■ Required work
Go line by line through the listing below and copy those that hold "space".

Data for review section start

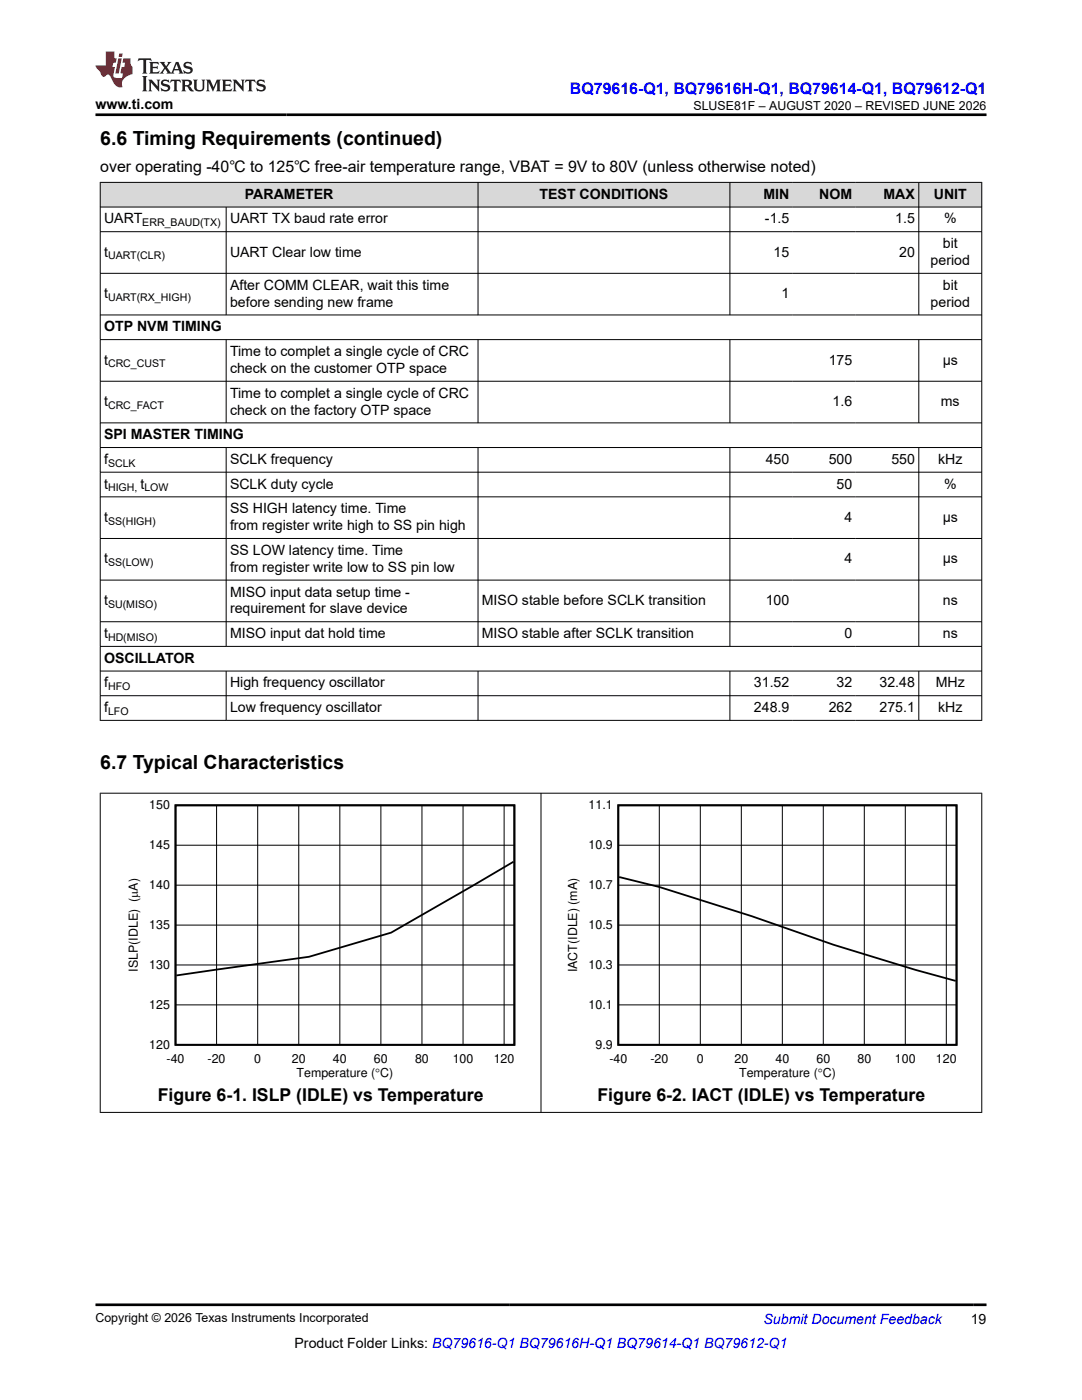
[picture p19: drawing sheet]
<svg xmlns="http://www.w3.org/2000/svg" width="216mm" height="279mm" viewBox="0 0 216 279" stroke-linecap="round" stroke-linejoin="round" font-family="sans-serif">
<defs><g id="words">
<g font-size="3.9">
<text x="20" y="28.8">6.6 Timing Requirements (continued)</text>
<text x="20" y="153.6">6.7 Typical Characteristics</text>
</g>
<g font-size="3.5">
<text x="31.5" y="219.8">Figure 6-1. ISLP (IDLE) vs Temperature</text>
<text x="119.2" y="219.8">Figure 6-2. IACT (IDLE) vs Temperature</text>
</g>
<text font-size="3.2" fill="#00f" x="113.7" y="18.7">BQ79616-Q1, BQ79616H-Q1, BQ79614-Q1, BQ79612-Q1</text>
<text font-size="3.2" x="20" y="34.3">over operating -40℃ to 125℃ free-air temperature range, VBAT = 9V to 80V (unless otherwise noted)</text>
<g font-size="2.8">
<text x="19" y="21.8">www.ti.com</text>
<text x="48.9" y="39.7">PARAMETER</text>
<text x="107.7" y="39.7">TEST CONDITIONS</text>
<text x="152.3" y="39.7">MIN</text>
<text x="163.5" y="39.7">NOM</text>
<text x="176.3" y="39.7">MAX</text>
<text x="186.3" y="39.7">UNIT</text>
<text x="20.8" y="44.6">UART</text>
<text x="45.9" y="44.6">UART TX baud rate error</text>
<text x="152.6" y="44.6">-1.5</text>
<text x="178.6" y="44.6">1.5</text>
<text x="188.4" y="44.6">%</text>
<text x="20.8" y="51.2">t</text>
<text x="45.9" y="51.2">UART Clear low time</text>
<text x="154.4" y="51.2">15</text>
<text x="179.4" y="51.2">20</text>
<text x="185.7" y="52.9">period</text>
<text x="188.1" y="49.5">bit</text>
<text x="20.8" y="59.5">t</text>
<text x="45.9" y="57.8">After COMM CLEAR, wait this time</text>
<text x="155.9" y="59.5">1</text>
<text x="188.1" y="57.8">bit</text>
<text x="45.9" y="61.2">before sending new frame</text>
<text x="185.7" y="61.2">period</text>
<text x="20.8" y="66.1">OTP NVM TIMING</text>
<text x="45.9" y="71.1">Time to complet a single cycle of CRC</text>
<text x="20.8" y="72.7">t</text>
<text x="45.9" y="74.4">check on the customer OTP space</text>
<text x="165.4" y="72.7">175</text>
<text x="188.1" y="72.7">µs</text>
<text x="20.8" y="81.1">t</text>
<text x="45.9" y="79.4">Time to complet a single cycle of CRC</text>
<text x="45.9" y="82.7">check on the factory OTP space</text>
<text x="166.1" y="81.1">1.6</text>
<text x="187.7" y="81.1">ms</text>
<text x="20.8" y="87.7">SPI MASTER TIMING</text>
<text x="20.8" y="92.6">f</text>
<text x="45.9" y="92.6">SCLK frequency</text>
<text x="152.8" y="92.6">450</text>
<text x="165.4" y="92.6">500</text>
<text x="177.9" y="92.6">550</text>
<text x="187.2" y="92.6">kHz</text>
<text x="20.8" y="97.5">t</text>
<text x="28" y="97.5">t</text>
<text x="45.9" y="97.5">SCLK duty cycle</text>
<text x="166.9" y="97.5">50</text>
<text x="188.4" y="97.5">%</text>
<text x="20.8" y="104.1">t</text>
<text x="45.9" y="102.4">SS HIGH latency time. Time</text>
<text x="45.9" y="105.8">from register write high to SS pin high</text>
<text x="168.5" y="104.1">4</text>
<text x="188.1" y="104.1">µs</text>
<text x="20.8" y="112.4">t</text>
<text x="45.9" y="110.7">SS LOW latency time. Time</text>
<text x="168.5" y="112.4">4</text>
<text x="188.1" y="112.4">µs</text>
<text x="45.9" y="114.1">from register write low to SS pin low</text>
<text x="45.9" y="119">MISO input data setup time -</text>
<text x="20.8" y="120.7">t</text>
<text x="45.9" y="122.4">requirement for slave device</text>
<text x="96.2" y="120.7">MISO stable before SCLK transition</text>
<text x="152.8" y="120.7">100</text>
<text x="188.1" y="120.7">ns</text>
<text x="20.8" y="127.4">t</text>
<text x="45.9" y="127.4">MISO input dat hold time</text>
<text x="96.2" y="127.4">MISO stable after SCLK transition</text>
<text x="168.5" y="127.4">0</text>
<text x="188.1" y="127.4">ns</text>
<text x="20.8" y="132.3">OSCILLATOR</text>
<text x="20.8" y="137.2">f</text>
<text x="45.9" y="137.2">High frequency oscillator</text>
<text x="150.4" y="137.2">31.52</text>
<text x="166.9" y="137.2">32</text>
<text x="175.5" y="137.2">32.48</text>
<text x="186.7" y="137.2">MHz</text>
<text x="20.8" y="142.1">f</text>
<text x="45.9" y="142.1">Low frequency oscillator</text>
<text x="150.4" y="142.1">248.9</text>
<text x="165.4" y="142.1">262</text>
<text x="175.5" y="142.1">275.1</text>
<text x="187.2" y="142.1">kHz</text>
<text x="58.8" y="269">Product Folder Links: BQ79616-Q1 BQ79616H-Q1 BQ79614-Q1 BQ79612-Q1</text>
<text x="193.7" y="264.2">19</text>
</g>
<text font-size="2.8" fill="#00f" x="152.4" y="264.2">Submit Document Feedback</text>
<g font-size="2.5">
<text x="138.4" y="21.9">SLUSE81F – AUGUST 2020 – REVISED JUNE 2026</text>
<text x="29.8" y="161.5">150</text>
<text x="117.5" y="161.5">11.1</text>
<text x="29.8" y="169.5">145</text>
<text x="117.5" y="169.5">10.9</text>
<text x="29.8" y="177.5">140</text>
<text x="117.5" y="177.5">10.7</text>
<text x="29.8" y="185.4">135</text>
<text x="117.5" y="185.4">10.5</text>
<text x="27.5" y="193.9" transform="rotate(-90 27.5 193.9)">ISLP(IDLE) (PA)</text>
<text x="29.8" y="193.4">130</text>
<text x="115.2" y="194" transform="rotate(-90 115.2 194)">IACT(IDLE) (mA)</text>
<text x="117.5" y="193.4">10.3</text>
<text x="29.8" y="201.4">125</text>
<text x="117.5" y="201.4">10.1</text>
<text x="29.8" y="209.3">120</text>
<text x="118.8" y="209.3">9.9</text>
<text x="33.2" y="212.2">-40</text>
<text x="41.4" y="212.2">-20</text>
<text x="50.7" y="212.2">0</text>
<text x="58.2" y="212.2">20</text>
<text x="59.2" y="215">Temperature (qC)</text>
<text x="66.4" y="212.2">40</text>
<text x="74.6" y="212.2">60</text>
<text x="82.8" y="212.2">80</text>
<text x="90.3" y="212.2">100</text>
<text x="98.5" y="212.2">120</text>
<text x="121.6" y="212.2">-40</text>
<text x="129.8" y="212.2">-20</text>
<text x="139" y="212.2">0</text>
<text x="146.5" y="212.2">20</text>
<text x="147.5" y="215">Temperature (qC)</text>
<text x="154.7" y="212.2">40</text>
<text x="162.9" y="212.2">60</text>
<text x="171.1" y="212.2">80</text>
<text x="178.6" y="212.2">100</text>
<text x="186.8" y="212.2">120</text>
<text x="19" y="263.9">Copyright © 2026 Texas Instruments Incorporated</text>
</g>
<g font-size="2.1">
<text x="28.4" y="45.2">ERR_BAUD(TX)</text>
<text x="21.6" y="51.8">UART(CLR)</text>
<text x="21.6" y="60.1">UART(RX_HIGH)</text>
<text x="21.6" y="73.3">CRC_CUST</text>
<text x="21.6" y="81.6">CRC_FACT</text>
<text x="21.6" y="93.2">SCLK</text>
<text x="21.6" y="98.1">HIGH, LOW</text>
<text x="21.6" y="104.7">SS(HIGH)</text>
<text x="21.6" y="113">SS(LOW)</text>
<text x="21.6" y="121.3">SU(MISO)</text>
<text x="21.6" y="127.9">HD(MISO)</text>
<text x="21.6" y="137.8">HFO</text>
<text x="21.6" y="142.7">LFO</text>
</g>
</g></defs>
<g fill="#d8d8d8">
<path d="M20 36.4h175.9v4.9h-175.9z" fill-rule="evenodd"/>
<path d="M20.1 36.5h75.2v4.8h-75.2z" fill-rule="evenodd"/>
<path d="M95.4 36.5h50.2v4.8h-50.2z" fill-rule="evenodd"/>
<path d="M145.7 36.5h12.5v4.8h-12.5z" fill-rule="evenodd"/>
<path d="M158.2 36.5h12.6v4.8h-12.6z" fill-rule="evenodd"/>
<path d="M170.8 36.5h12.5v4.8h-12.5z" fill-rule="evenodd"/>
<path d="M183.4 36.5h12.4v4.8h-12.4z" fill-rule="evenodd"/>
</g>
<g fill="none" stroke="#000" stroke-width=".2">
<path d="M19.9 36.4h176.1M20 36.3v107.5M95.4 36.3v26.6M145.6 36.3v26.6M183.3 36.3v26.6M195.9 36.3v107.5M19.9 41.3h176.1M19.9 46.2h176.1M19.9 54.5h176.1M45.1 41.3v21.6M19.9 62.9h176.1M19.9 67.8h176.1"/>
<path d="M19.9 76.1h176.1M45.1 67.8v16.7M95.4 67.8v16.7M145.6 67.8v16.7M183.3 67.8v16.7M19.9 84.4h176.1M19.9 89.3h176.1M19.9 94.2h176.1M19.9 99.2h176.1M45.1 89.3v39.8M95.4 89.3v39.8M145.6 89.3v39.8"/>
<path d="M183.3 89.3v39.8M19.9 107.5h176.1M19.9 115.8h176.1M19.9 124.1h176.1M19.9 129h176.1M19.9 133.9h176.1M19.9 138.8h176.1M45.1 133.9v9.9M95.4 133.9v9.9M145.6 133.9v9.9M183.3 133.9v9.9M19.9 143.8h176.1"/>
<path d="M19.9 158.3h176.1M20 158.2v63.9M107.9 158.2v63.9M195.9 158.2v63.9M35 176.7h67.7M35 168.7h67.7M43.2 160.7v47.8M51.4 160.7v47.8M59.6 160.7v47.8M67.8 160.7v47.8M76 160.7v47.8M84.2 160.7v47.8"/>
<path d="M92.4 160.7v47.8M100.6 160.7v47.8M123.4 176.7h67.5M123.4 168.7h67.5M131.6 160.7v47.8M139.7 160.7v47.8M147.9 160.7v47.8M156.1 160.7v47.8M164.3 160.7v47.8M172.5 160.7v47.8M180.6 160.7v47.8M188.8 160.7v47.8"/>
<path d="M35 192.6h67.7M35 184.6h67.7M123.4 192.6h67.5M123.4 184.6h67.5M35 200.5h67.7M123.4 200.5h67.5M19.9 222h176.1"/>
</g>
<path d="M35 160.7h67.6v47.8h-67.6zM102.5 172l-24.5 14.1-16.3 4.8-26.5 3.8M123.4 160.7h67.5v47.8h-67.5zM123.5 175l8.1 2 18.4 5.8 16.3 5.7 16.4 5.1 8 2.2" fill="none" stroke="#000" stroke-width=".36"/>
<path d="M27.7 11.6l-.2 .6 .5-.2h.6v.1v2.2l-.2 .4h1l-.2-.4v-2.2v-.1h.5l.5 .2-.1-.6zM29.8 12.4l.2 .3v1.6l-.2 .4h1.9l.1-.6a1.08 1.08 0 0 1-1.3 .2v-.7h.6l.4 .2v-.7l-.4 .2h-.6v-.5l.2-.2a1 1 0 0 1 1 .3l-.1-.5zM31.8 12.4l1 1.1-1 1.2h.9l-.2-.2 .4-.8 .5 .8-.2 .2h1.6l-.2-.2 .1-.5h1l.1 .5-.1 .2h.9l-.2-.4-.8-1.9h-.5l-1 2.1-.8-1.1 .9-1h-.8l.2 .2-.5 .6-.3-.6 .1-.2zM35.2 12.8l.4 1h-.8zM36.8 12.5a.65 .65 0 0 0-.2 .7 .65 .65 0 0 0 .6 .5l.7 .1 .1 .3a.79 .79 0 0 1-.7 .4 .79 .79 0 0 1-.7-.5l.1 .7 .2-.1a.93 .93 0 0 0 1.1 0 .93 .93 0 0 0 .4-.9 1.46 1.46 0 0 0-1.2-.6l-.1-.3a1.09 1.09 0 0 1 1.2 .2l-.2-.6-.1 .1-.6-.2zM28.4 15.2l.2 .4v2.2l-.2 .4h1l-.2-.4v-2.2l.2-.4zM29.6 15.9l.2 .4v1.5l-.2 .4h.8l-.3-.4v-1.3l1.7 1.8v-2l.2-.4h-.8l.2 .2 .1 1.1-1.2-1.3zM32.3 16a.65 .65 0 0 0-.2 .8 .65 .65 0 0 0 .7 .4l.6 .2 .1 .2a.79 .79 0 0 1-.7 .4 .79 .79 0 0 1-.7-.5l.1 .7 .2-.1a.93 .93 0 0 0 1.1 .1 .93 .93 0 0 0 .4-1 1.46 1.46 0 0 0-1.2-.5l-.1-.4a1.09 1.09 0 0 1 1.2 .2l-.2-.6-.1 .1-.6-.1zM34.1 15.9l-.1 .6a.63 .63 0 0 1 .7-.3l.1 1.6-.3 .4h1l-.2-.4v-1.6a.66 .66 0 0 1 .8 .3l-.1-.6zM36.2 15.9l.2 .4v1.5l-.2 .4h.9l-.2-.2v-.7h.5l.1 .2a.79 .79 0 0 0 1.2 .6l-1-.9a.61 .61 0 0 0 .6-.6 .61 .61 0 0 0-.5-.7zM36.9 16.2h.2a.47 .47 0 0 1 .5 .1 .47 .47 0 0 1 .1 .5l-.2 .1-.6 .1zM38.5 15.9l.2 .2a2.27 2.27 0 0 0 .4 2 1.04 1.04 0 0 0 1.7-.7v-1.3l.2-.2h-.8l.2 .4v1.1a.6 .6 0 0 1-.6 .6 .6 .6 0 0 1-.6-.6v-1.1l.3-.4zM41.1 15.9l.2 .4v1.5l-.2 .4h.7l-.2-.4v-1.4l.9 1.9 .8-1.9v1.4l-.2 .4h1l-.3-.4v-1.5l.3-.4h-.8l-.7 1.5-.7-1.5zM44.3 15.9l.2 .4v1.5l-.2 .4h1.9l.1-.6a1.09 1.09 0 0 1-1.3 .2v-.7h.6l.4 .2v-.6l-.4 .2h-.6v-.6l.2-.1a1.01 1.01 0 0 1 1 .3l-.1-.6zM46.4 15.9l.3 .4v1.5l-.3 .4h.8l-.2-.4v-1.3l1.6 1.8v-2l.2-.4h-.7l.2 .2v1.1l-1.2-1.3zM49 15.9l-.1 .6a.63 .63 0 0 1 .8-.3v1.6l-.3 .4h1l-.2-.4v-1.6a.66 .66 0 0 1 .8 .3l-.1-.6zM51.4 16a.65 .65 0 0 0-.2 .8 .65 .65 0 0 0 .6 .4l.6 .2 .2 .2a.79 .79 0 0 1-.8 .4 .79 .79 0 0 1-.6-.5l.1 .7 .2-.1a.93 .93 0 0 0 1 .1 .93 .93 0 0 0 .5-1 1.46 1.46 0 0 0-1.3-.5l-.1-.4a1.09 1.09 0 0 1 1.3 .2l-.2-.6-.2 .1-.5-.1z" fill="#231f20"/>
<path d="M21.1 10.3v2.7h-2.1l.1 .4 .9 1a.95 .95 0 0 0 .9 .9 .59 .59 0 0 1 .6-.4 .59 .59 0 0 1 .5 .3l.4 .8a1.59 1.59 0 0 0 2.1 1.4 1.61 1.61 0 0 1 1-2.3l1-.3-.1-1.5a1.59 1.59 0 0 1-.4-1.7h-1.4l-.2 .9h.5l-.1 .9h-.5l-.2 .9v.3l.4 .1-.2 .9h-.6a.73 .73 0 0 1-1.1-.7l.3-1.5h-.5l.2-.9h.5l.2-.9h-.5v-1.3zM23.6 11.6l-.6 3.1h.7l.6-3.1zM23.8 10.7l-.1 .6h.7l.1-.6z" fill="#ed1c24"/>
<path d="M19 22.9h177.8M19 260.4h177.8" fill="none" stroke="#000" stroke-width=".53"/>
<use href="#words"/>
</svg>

Data for review section end

■ Response area
<text x="45.9" y="74.4">check on the customer OTP space</text>
<text x="45.9" y="82.7">check on the factory OTP space</text>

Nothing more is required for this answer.